A significant number of reported COVID-19 cases can be traced back to superspreader events (SSEs), where a disproportionally large number of secondary cases relative to the standard reproductive rate, R0, are initiated. Although a superspreader is an individual who undergoes more viral shedding and transmission than others, it appears likely that environmental factors have a substantial role in SSEs. We categorise SSEs into two distinct groups: ‘societal’ and ‘isolated’ SSEs.

Output:

>>> [33, 38, 'COVID', 'OG', 0.70883656]
>>> [38, 41, '-19', 'DS', 0.72856104]
tsantosh7 commented 5 months ago

hi @tskir

Thank you for documenting this issue.
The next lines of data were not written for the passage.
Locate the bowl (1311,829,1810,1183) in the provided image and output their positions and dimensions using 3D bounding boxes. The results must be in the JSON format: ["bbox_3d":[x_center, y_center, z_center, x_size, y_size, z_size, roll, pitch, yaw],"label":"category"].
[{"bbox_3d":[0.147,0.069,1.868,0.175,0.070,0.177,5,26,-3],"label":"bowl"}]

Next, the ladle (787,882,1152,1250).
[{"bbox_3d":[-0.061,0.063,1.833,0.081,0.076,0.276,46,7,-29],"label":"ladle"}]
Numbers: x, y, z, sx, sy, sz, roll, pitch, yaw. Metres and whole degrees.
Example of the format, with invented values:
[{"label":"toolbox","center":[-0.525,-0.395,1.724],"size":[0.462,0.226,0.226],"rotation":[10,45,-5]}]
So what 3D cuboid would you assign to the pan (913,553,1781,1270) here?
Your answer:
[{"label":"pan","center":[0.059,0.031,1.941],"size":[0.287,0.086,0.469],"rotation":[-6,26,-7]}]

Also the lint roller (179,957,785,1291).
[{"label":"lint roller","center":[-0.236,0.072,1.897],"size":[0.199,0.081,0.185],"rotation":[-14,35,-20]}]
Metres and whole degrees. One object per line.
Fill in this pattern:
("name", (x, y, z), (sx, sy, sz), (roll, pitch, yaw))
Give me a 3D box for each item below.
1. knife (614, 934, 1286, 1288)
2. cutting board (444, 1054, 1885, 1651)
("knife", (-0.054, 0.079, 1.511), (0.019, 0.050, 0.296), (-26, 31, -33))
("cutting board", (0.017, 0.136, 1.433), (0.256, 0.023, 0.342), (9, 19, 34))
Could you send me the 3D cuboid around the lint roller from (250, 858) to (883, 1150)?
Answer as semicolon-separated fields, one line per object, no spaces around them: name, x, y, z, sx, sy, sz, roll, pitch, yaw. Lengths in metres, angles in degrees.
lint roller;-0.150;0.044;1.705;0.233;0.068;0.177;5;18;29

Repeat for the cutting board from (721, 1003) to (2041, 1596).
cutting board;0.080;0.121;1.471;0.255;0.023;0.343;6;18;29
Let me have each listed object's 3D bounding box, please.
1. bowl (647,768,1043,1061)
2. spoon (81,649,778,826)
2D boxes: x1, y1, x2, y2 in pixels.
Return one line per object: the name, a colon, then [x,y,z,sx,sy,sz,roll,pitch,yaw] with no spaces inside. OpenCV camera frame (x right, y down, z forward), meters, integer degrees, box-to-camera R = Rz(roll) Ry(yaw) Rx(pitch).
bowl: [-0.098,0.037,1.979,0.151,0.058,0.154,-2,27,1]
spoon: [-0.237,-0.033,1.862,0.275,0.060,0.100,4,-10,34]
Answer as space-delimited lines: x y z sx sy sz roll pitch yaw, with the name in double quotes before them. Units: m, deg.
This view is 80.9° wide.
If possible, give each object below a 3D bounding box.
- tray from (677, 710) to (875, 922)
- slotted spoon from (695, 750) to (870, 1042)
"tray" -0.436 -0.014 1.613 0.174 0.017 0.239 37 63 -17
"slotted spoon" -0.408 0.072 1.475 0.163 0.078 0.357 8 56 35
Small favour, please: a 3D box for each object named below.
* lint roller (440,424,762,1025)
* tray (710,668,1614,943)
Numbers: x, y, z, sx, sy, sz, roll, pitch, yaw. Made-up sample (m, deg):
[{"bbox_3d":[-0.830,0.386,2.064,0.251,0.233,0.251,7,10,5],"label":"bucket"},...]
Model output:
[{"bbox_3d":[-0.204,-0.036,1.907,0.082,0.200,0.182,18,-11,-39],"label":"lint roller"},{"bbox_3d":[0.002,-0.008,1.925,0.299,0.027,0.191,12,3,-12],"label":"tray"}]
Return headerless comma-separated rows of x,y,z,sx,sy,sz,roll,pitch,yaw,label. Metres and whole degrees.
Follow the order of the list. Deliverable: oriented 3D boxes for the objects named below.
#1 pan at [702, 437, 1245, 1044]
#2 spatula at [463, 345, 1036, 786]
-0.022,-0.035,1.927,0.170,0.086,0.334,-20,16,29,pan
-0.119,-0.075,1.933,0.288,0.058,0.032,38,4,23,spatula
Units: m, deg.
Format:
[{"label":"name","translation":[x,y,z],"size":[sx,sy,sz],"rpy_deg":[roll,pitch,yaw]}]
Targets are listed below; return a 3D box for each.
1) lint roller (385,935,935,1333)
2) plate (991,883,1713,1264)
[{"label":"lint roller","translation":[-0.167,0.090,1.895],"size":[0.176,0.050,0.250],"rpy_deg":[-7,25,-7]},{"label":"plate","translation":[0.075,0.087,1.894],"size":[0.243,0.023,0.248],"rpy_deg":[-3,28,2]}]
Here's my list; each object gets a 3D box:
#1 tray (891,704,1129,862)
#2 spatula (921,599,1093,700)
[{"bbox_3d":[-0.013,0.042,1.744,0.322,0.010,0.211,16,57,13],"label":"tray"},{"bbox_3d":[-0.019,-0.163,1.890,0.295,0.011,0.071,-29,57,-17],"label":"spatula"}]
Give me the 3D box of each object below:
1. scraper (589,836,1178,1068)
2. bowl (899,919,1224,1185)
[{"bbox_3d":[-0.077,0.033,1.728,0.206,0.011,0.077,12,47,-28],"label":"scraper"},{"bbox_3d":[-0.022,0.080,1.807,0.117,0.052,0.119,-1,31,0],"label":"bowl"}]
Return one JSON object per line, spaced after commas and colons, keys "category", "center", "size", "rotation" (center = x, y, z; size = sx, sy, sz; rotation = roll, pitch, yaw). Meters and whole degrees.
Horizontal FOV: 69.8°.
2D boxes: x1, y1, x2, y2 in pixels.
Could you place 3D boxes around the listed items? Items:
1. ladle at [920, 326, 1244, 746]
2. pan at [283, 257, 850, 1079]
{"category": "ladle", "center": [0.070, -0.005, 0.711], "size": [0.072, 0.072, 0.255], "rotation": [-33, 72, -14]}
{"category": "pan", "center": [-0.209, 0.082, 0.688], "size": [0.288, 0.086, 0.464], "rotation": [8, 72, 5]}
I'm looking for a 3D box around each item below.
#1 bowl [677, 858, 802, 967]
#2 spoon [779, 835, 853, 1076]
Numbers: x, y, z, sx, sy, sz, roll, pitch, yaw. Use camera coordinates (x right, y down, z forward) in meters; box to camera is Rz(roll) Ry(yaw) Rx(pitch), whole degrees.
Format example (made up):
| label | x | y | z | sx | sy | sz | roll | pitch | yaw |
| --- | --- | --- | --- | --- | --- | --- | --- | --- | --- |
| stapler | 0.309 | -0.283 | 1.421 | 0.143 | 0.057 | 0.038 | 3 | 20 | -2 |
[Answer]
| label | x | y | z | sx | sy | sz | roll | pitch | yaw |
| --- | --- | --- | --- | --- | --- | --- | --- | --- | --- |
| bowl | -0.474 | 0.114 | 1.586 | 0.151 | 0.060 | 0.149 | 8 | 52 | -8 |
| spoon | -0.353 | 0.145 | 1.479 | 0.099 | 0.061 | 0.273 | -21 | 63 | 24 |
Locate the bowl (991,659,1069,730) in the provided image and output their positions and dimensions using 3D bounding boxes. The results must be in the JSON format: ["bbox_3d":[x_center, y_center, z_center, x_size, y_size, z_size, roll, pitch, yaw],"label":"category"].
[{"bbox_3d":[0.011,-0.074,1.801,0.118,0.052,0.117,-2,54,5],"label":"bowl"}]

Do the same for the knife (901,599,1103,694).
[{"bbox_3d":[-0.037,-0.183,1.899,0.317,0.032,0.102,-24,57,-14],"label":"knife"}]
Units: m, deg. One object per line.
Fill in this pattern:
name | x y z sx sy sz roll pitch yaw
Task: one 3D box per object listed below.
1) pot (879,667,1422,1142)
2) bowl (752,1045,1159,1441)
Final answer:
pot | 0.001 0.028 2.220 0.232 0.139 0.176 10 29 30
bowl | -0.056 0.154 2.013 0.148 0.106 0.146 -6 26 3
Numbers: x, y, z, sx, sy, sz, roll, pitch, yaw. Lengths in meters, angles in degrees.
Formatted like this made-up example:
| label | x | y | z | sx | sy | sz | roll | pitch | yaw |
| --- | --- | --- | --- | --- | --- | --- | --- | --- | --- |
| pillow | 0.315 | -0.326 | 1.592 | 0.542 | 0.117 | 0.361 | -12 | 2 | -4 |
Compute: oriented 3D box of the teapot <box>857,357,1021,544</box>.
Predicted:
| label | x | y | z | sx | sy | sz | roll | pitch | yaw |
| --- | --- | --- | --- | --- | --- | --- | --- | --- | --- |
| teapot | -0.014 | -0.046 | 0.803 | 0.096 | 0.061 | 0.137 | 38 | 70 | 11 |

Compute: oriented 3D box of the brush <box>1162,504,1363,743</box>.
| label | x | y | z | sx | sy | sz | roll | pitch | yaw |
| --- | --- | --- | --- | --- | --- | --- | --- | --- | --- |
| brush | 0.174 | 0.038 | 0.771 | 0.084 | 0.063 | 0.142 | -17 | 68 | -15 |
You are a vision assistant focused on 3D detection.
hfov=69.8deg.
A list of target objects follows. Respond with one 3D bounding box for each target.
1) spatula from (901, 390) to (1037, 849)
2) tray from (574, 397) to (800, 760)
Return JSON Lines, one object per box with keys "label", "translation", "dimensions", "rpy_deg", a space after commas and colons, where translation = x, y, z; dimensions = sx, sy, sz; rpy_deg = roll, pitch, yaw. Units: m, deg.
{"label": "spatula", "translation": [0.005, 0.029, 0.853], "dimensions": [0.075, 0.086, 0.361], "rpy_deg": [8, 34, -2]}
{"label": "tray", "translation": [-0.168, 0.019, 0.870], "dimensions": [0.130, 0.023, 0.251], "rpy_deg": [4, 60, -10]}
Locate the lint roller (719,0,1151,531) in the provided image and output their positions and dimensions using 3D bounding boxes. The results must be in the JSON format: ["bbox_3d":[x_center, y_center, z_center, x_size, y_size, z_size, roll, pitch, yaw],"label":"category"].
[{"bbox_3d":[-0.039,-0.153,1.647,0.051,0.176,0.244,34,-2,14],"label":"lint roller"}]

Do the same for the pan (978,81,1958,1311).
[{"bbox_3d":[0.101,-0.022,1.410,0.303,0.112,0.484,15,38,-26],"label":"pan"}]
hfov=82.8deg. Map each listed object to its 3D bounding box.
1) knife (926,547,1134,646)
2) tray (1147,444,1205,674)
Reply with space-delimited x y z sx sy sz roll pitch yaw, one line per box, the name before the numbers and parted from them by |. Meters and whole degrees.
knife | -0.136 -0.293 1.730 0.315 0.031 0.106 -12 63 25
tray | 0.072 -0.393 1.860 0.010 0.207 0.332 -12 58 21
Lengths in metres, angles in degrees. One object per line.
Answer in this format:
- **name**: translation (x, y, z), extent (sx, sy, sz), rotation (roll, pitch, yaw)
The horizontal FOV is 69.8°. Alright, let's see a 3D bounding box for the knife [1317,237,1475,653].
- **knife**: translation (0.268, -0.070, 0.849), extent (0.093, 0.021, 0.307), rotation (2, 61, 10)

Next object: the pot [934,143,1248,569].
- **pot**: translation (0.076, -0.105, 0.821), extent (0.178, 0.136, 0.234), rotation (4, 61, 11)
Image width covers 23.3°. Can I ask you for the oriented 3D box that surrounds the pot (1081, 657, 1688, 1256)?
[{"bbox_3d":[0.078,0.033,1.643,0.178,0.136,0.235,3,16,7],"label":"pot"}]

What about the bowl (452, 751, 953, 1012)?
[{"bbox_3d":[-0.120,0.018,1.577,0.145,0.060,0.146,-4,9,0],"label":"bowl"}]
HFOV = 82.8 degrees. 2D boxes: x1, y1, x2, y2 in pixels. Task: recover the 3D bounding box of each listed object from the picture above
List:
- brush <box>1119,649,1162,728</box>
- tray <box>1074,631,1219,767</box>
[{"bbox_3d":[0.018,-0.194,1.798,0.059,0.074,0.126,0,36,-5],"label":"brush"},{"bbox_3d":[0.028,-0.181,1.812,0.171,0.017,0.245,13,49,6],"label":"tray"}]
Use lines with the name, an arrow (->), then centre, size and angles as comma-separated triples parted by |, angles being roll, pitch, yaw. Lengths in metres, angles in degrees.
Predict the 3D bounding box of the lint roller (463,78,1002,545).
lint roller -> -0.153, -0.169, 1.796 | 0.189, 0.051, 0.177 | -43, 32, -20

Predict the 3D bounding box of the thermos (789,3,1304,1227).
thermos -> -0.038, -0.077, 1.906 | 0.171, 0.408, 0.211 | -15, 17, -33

The reasons for this problem are twofold:

  1. COVID-19 was not in the training set
  2. Non overlapping span in the training set

We are aware of this issue and made a work for the Spans for our open targets submission at https://github.com/ML4LitS/otar-maintenance/blob/main/OTAR_new_pipeline_fulltext_bioformer_cluster_all.py

for all_ent in pred:
            my_sentence = batch_sentences[count]
            if all_ent:
                x_list_=[]
                for ent in all_ent:
                    if my_sentence[ent['start']:ent['end']] in ['19', 'COVID', 'COVID-19']:
                        ent['entity_group'] = 'DS'
                    x_list_.append([ent['start'], ent['end'], ent['entity_group'], my_sentence[ent['start']:ent['end']]])

Fixed in the newer version: I have added new data with COVID-19 annotations and retrained the model recently. Hopefully, this should be sorted.